Chef Trevor Bird’s 2nd placing in TV’s Top Chef Canada Season 2 catapulted him to stardom in his native Canada, where he has been chef-owner of the celebrated restaurant, Fable, since 2012. A practitioner of French-inspired ‘farm to table’ cuisine, and ardent advocate of the use of local, seasonal produce responsibly sourced, this is Chef Bird’s first-ever visit to Singapore.

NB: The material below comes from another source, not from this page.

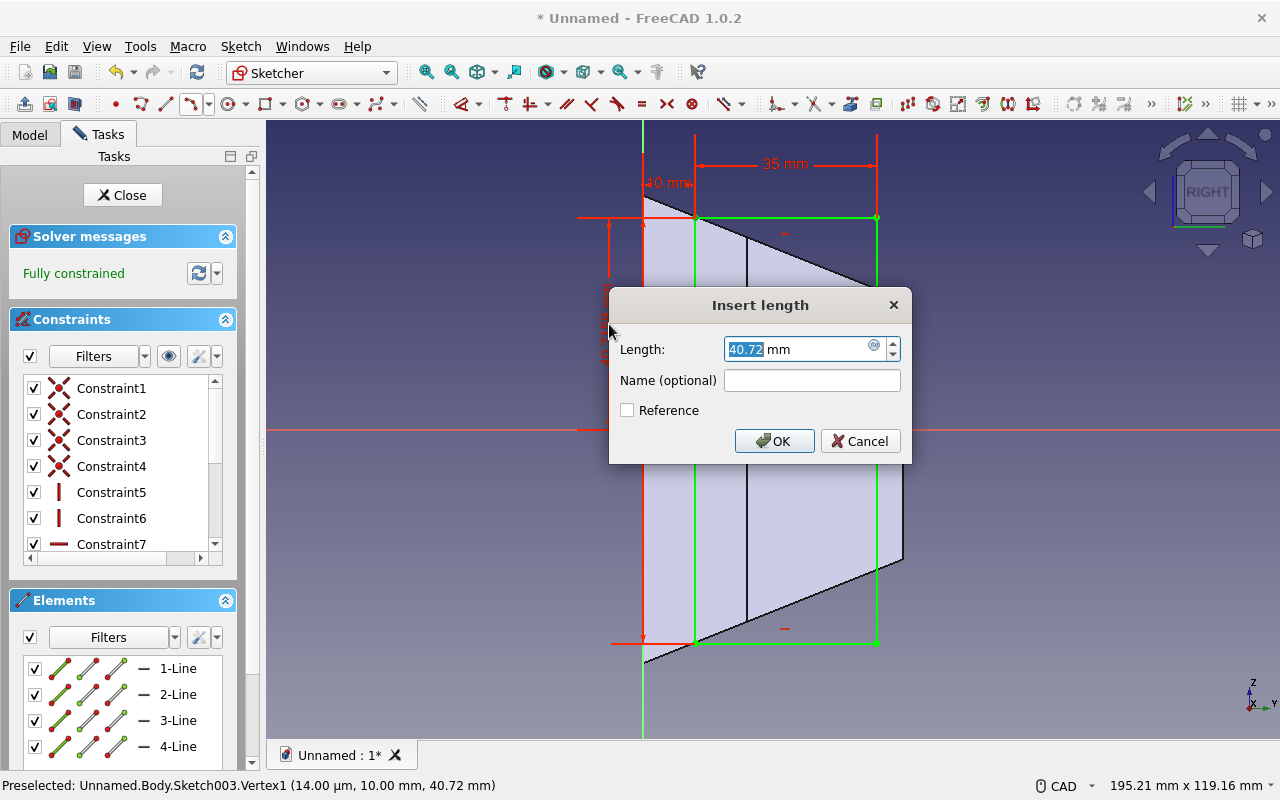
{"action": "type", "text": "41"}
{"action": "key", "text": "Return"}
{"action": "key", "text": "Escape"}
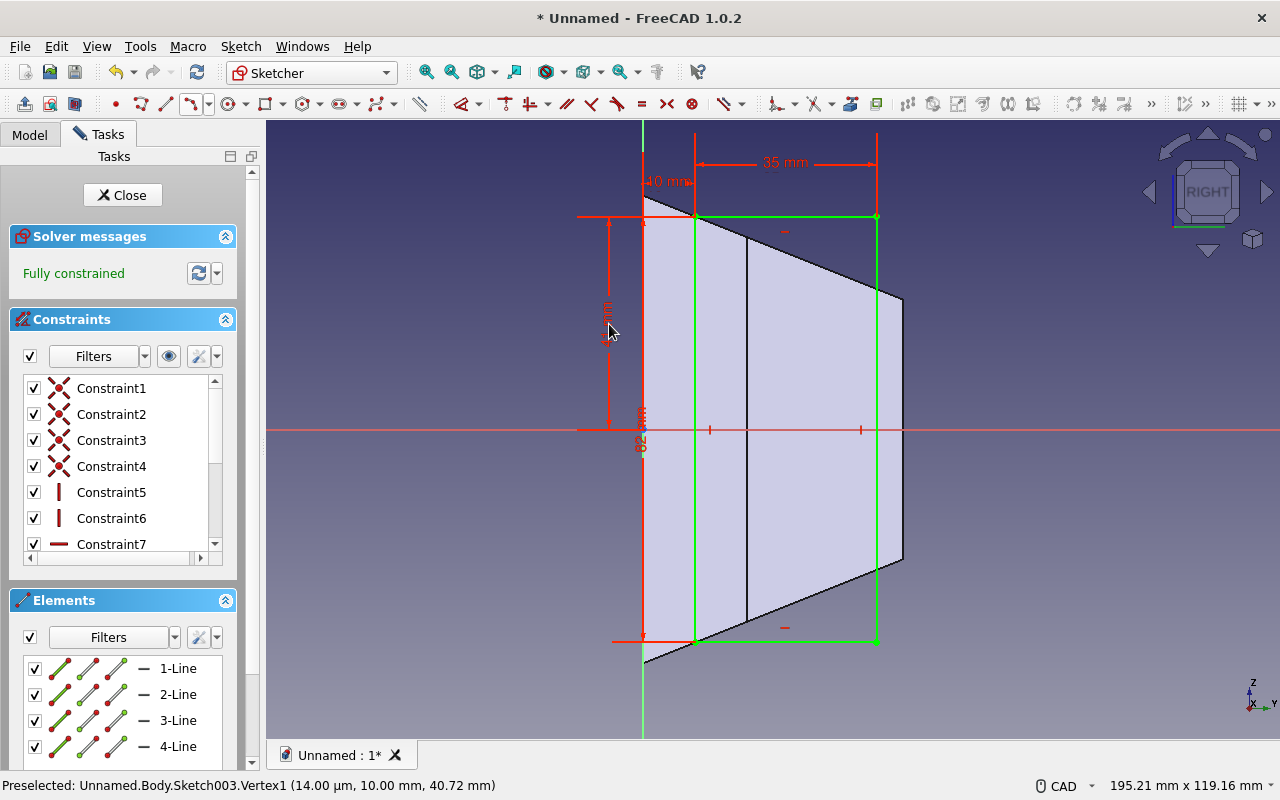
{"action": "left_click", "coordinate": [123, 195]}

With Chef Daniele Sarno of Pontini
His first collaborator will be Chef Daniele Sarno of Pontini, who focuses on simplicity and fresh ingredients, and likes to give his traditional Italian cuisine a modern twist. Chef Bird will adopt a stronger Italian slant for this collaboration, as he describes: “For Pontini, I am creating a more Italian and Mediterranean style of food to fit their concept. One will be a free-form lasagna, constructed with fresh pasta and ala minute-made pasta filled with mascarpone, parmesan, and ricotta cheese with chanterelle mushrooms. It looks like a whimsical lasagna with a ton of great ingredients, finished with truffles just to make it extra special. For the second course I will be doing sable fish, which is a local hero in BC Canada, and great to showcase in Singapore. The Apricot marmalade lends a powerful tartness to this rich fish.”
With Chef Anthony Yeoh of Cocotte
Next, Chef Bird will pair with Chef Anthony Yeoh. Chef Yeoh is known for his traditional flavours akin to those of the French countryside, served in hearty, sharing portions. His Sustainable Rustic French Restaurant, Cocotte, shares with Bird’s Fable a dedication to sustainable sourcing and care for the environment. Diners can look forward to the best of farm to table eating at this seating. Chef Bird will serve 2 of his signature dishes in the exact manner they are presented at Fable. One of the recipes was first created on Top Chef and later added to his menu because of strong customer demand.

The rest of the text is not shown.